**TASK REQUIREMENTS**
Note the line containing "- round machined part [0,190,27,255]"; from it through the last line below, give only those lines again, exactly, both ends included, skipping pictures.

======

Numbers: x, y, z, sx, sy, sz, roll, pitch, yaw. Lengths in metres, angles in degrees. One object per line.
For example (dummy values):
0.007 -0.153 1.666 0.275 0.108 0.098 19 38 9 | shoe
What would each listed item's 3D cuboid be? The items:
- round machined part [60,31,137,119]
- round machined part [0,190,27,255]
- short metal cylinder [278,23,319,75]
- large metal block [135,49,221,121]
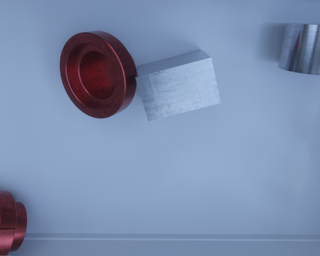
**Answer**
-0.067 -0.063 0.363 0.098 0.042 0.097 13 117 29 | round machined part
-0.220 0.137 0.430 0.042 0.098 0.098 17 114 -45 | round machined part
0.180 -0.091 0.351 0.081 0.080 0.050 2 110 -1 | short metal cylinder
0.020 -0.053 0.363 0.080 0.080 0.050 -14 110 5 | large metal block

======

**EXERCISE ANSWER**
- round machined part [0,190,27,255]
- short metal cylinder [278,23,319,75]
- large metal block [135,49,221,121]
**Answer**
-0.067 -0.063 0.363 0.098 0.042 0.097 13 117 29 | round machined part
-0.220 0.137 0.430 0.042 0.098 0.098 17 114 -45 | round machined part
0.180 -0.091 0.351 0.081 0.080 0.050 2 110 -1 | short metal cylinder
0.020 -0.053 0.363 0.080 0.080 0.050 -14 110 5 | large metal block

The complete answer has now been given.